6. A great therapist is a must-have

There is nothing wrong with seeking out the help of someone who has the tools to help you work through this kind of pain. I think it is crucial. My therapist has helped me identify various feelings and behaviors that are rooted in my father’s passing, but to me seemed completely unrelated. I actually think everyone can benefit from always-on therapy, so it’s definitely necessary after the death of a loved one to help with coping and healing.

7. The father-daughter dance at weddings fucking suck

There are certain life milestones that will be painful and hard to get through – where their absence will weigh heavily on you. The birth of my children was one of those moments. My wedding was another. And every other wedding I’ve been to when it’s time for the father/daughter dance…  

8. It will hit you at the most unexpected times

You’ll think you’re okay or you won’t have thought about it for months maybe and then suddenly, out of nowhere, for no obvious reason, you’re crying in the shower or in the car or on your kitchen floor. This is totally normal. Again, this healing process is a long one. Give yourself the time and permission you need to get through it.

9. Everyone moves on

There will be a few days of communal grieving, outpourings of love and condolences, sympathy cards, and support. Then it is gone as quickly as it came and you’re the only one still sad. People go back to their daily lives, because they have to. Life goes on, people move on… and eventually you will, too.

10. You’ll realize who your true friends are

Every year on the anniversary of my father’s death, one friend calls me to see if I’m okay. My husband doesn’t even remember the date!  When my dad passed away, I was shocked by who I didn’t hear from and also by who did reach out. It was a great lesson in helping define true friendship.

11. Death may become a major anxiety/obsession

A few months after my dad passed, I became obsessed with dying. I barely wanted to leave the house, I wouldn’t travel on airplanes, and I asked my then boyfriend, now husband, to check in with me constantly so I knew he was okay. Same for my mom and sister and anyone I really cared about. Turns out that what I was experiencing is a very normal delayed reaction to the loss of a loved one. So, that therapy I mentioned earlier really came in handy during this period.

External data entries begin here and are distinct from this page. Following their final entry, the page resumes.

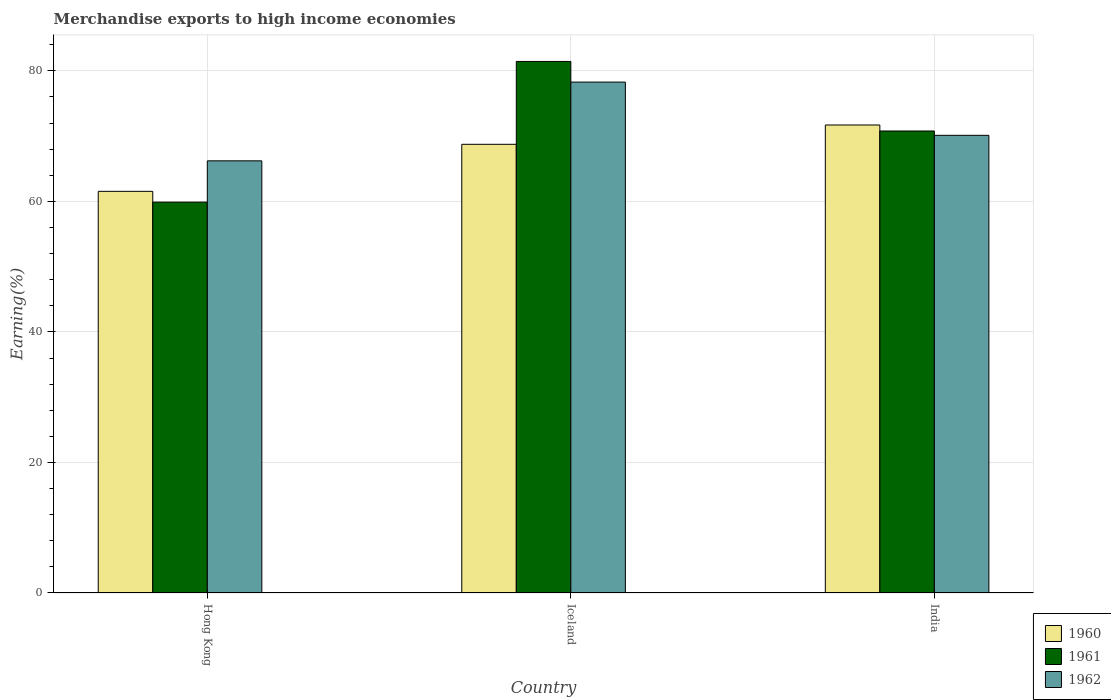How many different coloured bars are there?
Your answer should be very brief. 3. How many bars are there on the 2nd tick from the left?
Offer a very short reply. 3. In how many cases, is the number of bars for a given country not equal to the number of legend labels?
Your answer should be compact. 0. What is the percentage of amount earned from merchandise exports in 1960 in Hong Kong?
Make the answer very short. 61.54. Across all countries, what is the maximum percentage of amount earned from merchandise exports in 1962?
Offer a terse response. 78.28. Across all countries, what is the minimum percentage of amount earned from merchandise exports in 1962?
Keep it short and to the point. 66.22. In which country was the percentage of amount earned from merchandise exports in 1962 maximum?
Offer a very short reply. Iceland. In which country was the percentage of amount earned from merchandise exports in 1960 minimum?
Provide a succinct answer. Hong Kong. What is the total percentage of amount earned from merchandise exports in 1962 in the graph?
Ensure brevity in your answer.  214.62. What is the difference between the percentage of amount earned from merchandise exports in 1960 in Hong Kong and that in Iceland?
Offer a terse response. -7.21. What is the difference between the percentage of amount earned from merchandise exports in 1962 in Iceland and the percentage of amount earned from merchandise exports in 1961 in Hong Kong?
Offer a very short reply. 18.39. What is the average percentage of amount earned from merchandise exports in 1962 per country?
Provide a succinct answer. 71.54. What is the difference between the percentage of amount earned from merchandise exports of/in 1960 and percentage of amount earned from merchandise exports of/in 1962 in Iceland?
Provide a short and direct response. -9.53. In how many countries, is the percentage of amount earned from merchandise exports in 1962 greater than 28 %?
Provide a short and direct response. 3. What is the ratio of the percentage of amount earned from merchandise exports in 1961 in Iceland to that in India?
Make the answer very short. 1.15. What is the difference between the highest and the second highest percentage of amount earned from merchandise exports in 1961?
Your answer should be compact. 21.55. What is the difference between the highest and the lowest percentage of amount earned from merchandise exports in 1960?
Offer a terse response. 10.17. In how many countries, is the percentage of amount earned from merchandise exports in 1961 greater than the average percentage of amount earned from merchandise exports in 1961 taken over all countries?
Offer a terse response. 2. Is it the case that in every country, the sum of the percentage of amount earned from merchandise exports in 1962 and percentage of amount earned from merchandise exports in 1960 is greater than the percentage of amount earned from merchandise exports in 1961?
Your answer should be very brief. Yes. How many bars are there?
Your answer should be very brief. 9. How many countries are there in the graph?
Offer a very short reply. 3. Are the values on the major ticks of Y-axis written in scientific E-notation?
Offer a terse response. No. Does the graph contain grids?
Offer a very short reply. Yes. How many legend labels are there?
Keep it short and to the point. 3. How are the legend labels stacked?
Your answer should be very brief. Vertical. What is the title of the graph?
Give a very brief answer. Merchandise exports to high income economies. Does "1987" appear as one of the legend labels in the graph?
Keep it short and to the point. No. What is the label or title of the X-axis?
Provide a succinct answer. Country. What is the label or title of the Y-axis?
Provide a short and direct response. Earning(%). What is the Earning(%) of 1960 in Hong Kong?
Provide a short and direct response. 61.54. What is the Earning(%) of 1961 in Hong Kong?
Your response must be concise. 59.89. What is the Earning(%) of 1962 in Hong Kong?
Your answer should be compact. 66.22. What is the Earning(%) in 1960 in Iceland?
Keep it short and to the point. 68.75. What is the Earning(%) in 1961 in Iceland?
Offer a very short reply. 81.44. What is the Earning(%) of 1962 in Iceland?
Offer a very short reply. 78.28. What is the Earning(%) in 1960 in India?
Offer a very short reply. 71.71. What is the Earning(%) in 1961 in India?
Your answer should be compact. 70.79. What is the Earning(%) of 1962 in India?
Offer a terse response. 70.13. Across all countries, what is the maximum Earning(%) of 1960?
Provide a short and direct response. 71.71. Across all countries, what is the maximum Earning(%) in 1961?
Give a very brief answer. 81.44. Across all countries, what is the maximum Earning(%) of 1962?
Your response must be concise. 78.28. Across all countries, what is the minimum Earning(%) in 1960?
Offer a very short reply. 61.54. Across all countries, what is the minimum Earning(%) of 1961?
Your answer should be very brief. 59.89. Across all countries, what is the minimum Earning(%) in 1962?
Offer a terse response. 66.22. What is the total Earning(%) of 1960 in the graph?
Offer a very short reply. 202. What is the total Earning(%) of 1961 in the graph?
Offer a terse response. 212.13. What is the total Earning(%) of 1962 in the graph?
Make the answer very short. 214.62. What is the difference between the Earning(%) in 1960 in Hong Kong and that in Iceland?
Your answer should be compact. -7.21. What is the difference between the Earning(%) of 1961 in Hong Kong and that in Iceland?
Your response must be concise. -21.55. What is the difference between the Earning(%) of 1962 in Hong Kong and that in Iceland?
Your answer should be compact. -12.07. What is the difference between the Earning(%) of 1960 in Hong Kong and that in India?
Provide a succinct answer. -10.17. What is the difference between the Earning(%) in 1961 in Hong Kong and that in India?
Offer a terse response. -10.9. What is the difference between the Earning(%) of 1962 in Hong Kong and that in India?
Provide a short and direct response. -3.91. What is the difference between the Earning(%) of 1960 in Iceland and that in India?
Provide a succinct answer. -2.96. What is the difference between the Earning(%) of 1961 in Iceland and that in India?
Offer a very short reply. 10.65. What is the difference between the Earning(%) in 1962 in Iceland and that in India?
Keep it short and to the point. 8.16. What is the difference between the Earning(%) of 1960 in Hong Kong and the Earning(%) of 1961 in Iceland?
Your answer should be very brief. -19.9. What is the difference between the Earning(%) in 1960 in Hong Kong and the Earning(%) in 1962 in Iceland?
Offer a terse response. -16.74. What is the difference between the Earning(%) of 1961 in Hong Kong and the Earning(%) of 1962 in Iceland?
Make the answer very short. -18.39. What is the difference between the Earning(%) of 1960 in Hong Kong and the Earning(%) of 1961 in India?
Your response must be concise. -9.25. What is the difference between the Earning(%) of 1960 in Hong Kong and the Earning(%) of 1962 in India?
Give a very brief answer. -8.58. What is the difference between the Earning(%) in 1961 in Hong Kong and the Earning(%) in 1962 in India?
Give a very brief answer. -10.23. What is the difference between the Earning(%) of 1960 in Iceland and the Earning(%) of 1961 in India?
Make the answer very short. -2.04. What is the difference between the Earning(%) in 1960 in Iceland and the Earning(%) in 1962 in India?
Provide a short and direct response. -1.38. What is the difference between the Earning(%) of 1961 in Iceland and the Earning(%) of 1962 in India?
Your answer should be very brief. 11.32. What is the average Earning(%) in 1960 per country?
Give a very brief answer. 67.33. What is the average Earning(%) in 1961 per country?
Your response must be concise. 70.71. What is the average Earning(%) of 1962 per country?
Your answer should be compact. 71.54. What is the difference between the Earning(%) of 1960 and Earning(%) of 1961 in Hong Kong?
Your answer should be compact. 1.65. What is the difference between the Earning(%) in 1960 and Earning(%) in 1962 in Hong Kong?
Your response must be concise. -4.67. What is the difference between the Earning(%) of 1961 and Earning(%) of 1962 in Hong Kong?
Your answer should be compact. -6.32. What is the difference between the Earning(%) of 1960 and Earning(%) of 1961 in Iceland?
Offer a terse response. -12.69. What is the difference between the Earning(%) in 1960 and Earning(%) in 1962 in Iceland?
Ensure brevity in your answer.  -9.53. What is the difference between the Earning(%) in 1961 and Earning(%) in 1962 in Iceland?
Your answer should be very brief. 3.16. What is the difference between the Earning(%) in 1960 and Earning(%) in 1961 in India?
Offer a very short reply. 0.92. What is the difference between the Earning(%) of 1960 and Earning(%) of 1962 in India?
Provide a short and direct response. 1.58. What is the difference between the Earning(%) of 1961 and Earning(%) of 1962 in India?
Ensure brevity in your answer.  0.66. What is the ratio of the Earning(%) of 1960 in Hong Kong to that in Iceland?
Your response must be concise. 0.9. What is the ratio of the Earning(%) in 1961 in Hong Kong to that in Iceland?
Ensure brevity in your answer.  0.74. What is the ratio of the Earning(%) of 1962 in Hong Kong to that in Iceland?
Provide a short and direct response. 0.85. What is the ratio of the Earning(%) of 1960 in Hong Kong to that in India?
Offer a very short reply. 0.86. What is the ratio of the Earning(%) of 1961 in Hong Kong to that in India?
Offer a terse response. 0.85. What is the ratio of the Earning(%) of 1962 in Hong Kong to that in India?
Offer a terse response. 0.94. What is the ratio of the Earning(%) of 1960 in Iceland to that in India?
Offer a very short reply. 0.96. What is the ratio of the Earning(%) in 1961 in Iceland to that in India?
Provide a short and direct response. 1.15. What is the ratio of the Earning(%) of 1962 in Iceland to that in India?
Offer a very short reply. 1.12. What is the difference between the highest and the second highest Earning(%) in 1960?
Make the answer very short. 2.96. What is the difference between the highest and the second highest Earning(%) in 1961?
Your answer should be very brief. 10.65. What is the difference between the highest and the second highest Earning(%) of 1962?
Give a very brief answer. 8.16. What is the difference between the highest and the lowest Earning(%) of 1960?
Provide a succinct answer. 10.17. What is the difference between the highest and the lowest Earning(%) of 1961?
Ensure brevity in your answer.  21.55. What is the difference between the highest and the lowest Earning(%) in 1962?
Offer a very short reply. 12.07. 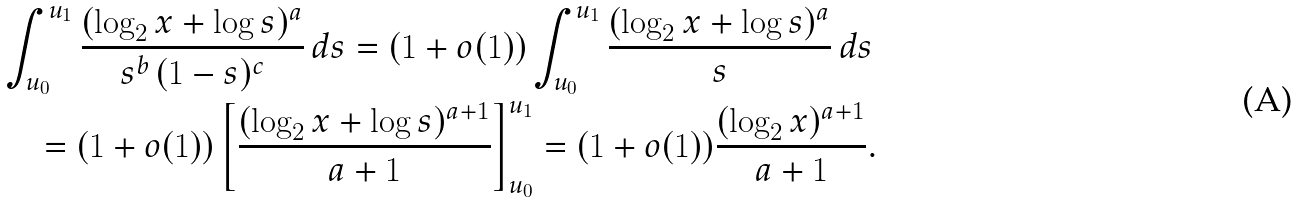Convert formula to latex. <formula><loc_0><loc_0><loc_500><loc_500>& \int _ { u _ { 0 } } ^ { u _ { 1 } } \frac { ( \log _ { 2 } x + \log s ) ^ { a } } { s ^ { b } \, ( 1 - s ) ^ { c } } \, d s = ( 1 + o ( 1 ) ) \int _ { u _ { 0 } } ^ { u _ { 1 } } \frac { ( \log _ { 2 } x + \log s ) ^ { a } } { s } \, d s \\ & \quad = ( 1 + o ( 1 ) ) \left [ \frac { ( \log _ { 2 } x + \log s ) ^ { a + 1 } } { a + 1 } \right ] _ { u _ { 0 } } ^ { u _ { 1 } } = ( 1 + o ( 1 ) ) \frac { ( \log _ { 2 } x ) ^ { a + 1 } } { a + 1 } .</formula> 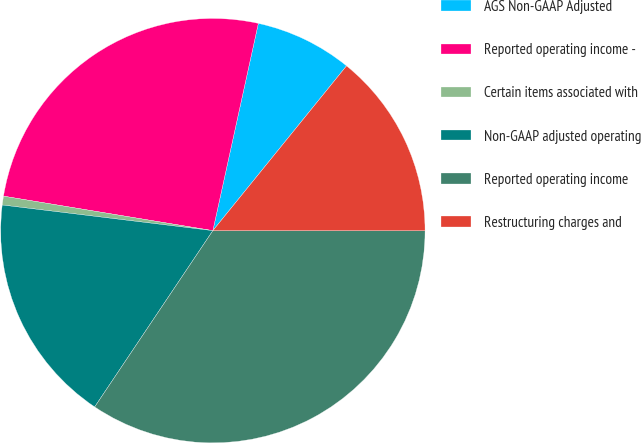Convert chart to OTSL. <chart><loc_0><loc_0><loc_500><loc_500><pie_chart><fcel>AGS Non-GAAP Adjusted<fcel>Reported operating income -<fcel>Certain items associated with<fcel>Non-GAAP adjusted operating<fcel>Reported operating income<fcel>Restructuring charges and<nl><fcel>7.41%<fcel>25.84%<fcel>0.67%<fcel>17.53%<fcel>34.39%<fcel>14.16%<nl></chart> 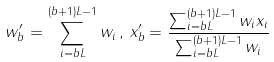Convert formula to latex. <formula><loc_0><loc_0><loc_500><loc_500>w ^ { \prime } _ { b } = \sum _ { i = b L } ^ { ( b + 1 ) L - 1 } w _ { i } \, , \, x ^ { \prime } _ { b } = \frac { \sum _ { i = b L } ^ { ( b + 1 ) L - 1 } w _ { i } x _ { i } } { \sum _ { i = b L } ^ { ( b + 1 ) L - 1 } w _ { i } }</formula> 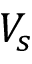Convert formula to latex. <formula><loc_0><loc_0><loc_500><loc_500>V _ { s }</formula> 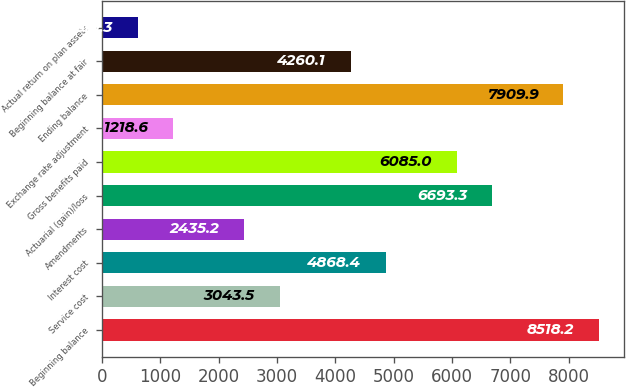Convert chart. <chart><loc_0><loc_0><loc_500><loc_500><bar_chart><fcel>Beginning balance<fcel>Service cost<fcel>Interest cost<fcel>Amendments<fcel>Actuarial (gain)/loss<fcel>Gross benefits paid<fcel>Exchange rate adjustment<fcel>Ending balance<fcel>Beginning balance at fair<fcel>Actual return on plan assets<nl><fcel>8518.2<fcel>3043.5<fcel>4868.4<fcel>2435.2<fcel>6693.3<fcel>6085<fcel>1218.6<fcel>7909.9<fcel>4260.1<fcel>610.3<nl></chart> 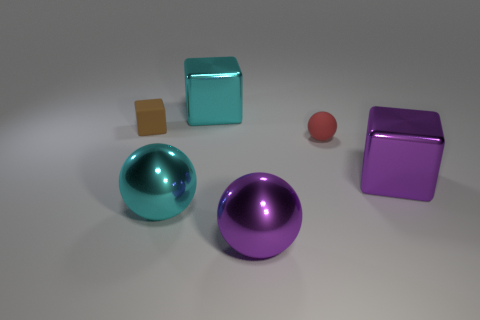Add 2 red spheres. How many objects exist? 8 Subtract 0 yellow cylinders. How many objects are left? 6 Subtract all small objects. Subtract all big things. How many objects are left? 0 Add 1 tiny red rubber balls. How many tiny red rubber balls are left? 2 Add 6 cyan metal things. How many cyan metal things exist? 8 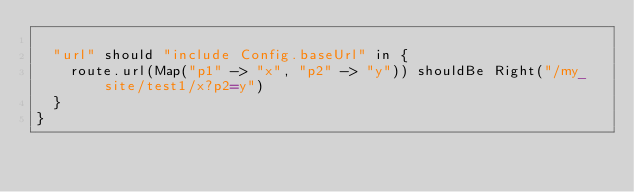<code> <loc_0><loc_0><loc_500><loc_500><_Scala_>
  "url" should "include Config.baseUrl" in {
    route.url(Map("p1" -> "x", "p2" -> "y")) shouldBe Right("/my_site/test1/x?p2=y")
  }
}
</code> 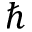<formula> <loc_0><loc_0><loc_500><loc_500>\hbar</formula> 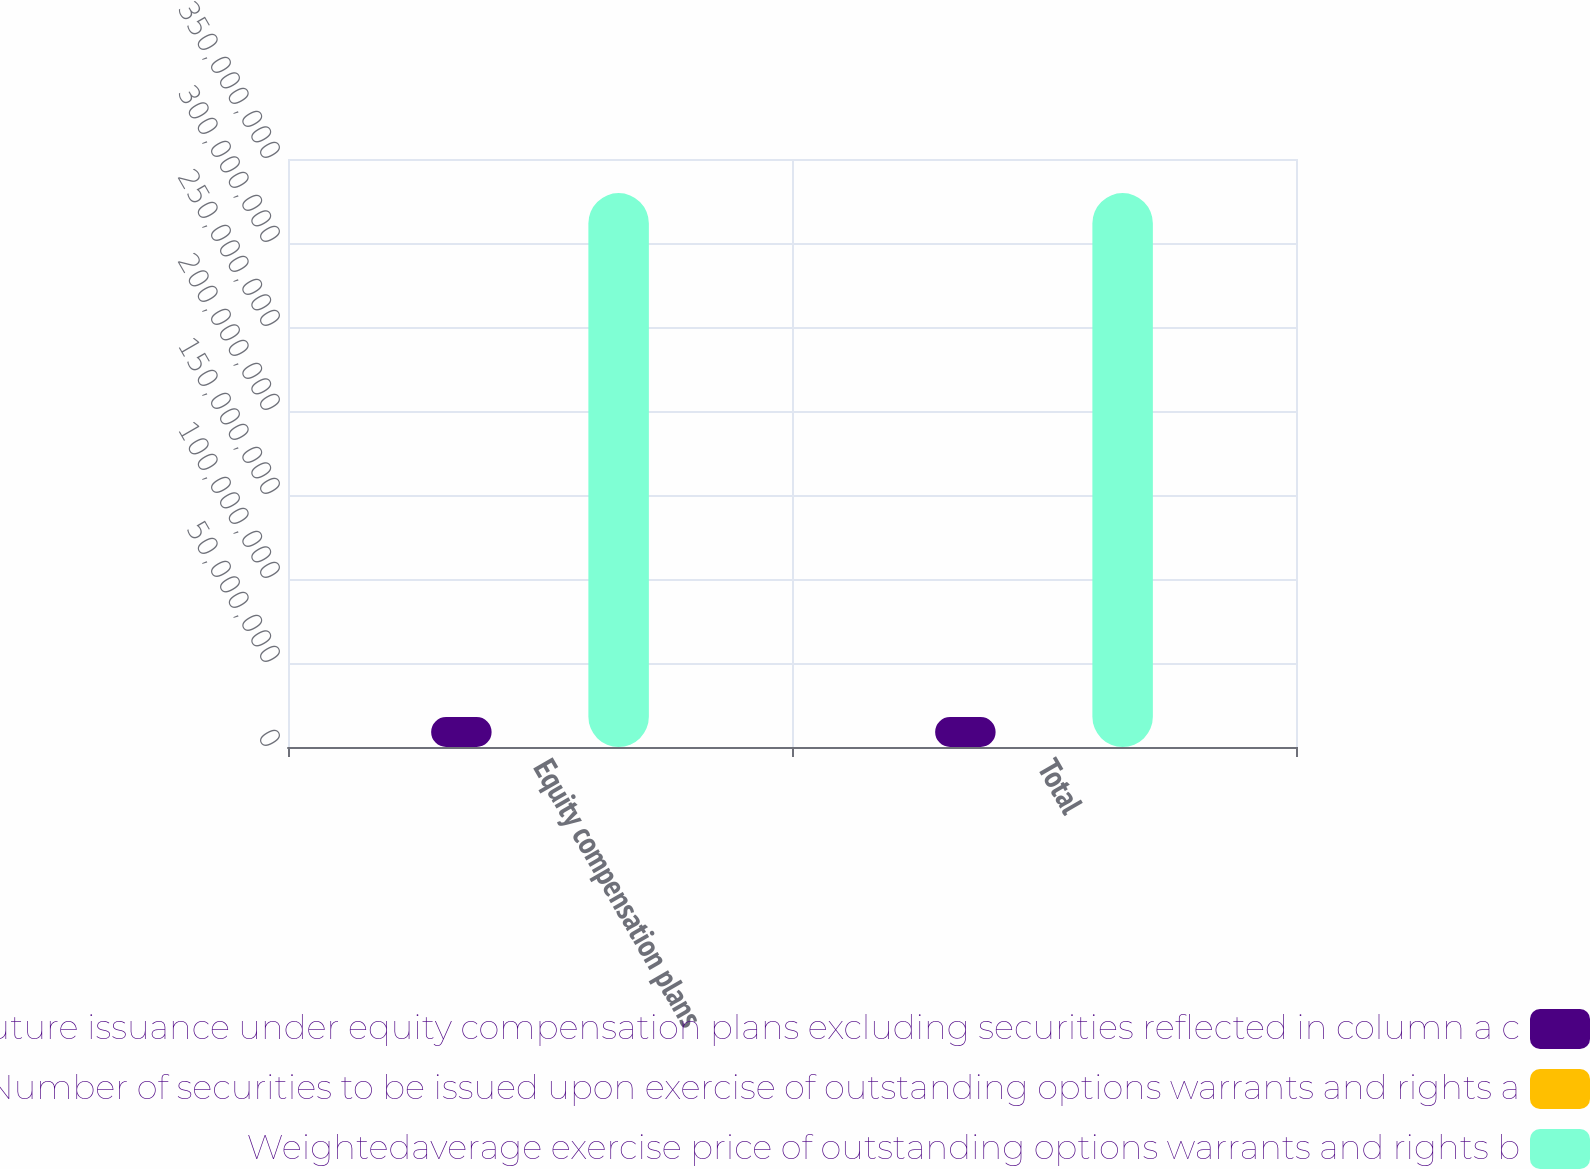Convert chart to OTSL. <chart><loc_0><loc_0><loc_500><loc_500><stacked_bar_chart><ecel><fcel>Equity compensation plans<fcel>Total<nl><fcel>Number of securities remaining available for future issuance under equity compensation plans excluding securities reflected in column a c<fcel>1.77984e+07<fcel>1.77984e+07<nl><fcel>Number of securities to be issued upon exercise of outstanding options warrants and rights a<fcel>15.11<fcel>15.11<nl><fcel>Weightedaverage exercise price of outstanding options warrants and rights b<fcel>3.297e+08<fcel>3.297e+08<nl></chart>

12. You’ll obsess over the living parent

I now worry about my mother ALL. THE. TIME. A few years ago, she had a health scare, and while I was strong on the outside, I was flipping out on the inside. Worst-case scenarios flooded my thoughts constantly. She was fine, but I then obsessed over losing her, which I still cannot bare the thought of for so many reasons beyond the fact that she’s my only living parent. It doesn’t help that she’s in FL and I’m in NYC, so we speak once a day. If I don’t hear from her, I get nervous… So, yes, there’s still work to be done with the therapist.

I think the biggest takeaway is that everyone grieves differently. My pain is my own. Your pain is your own. What I hope this offers is some light shed on common feelings post-loss, and some hope in knowing you will get through this, and one day the tears will stop and you can think of Mom or Dad with a smile.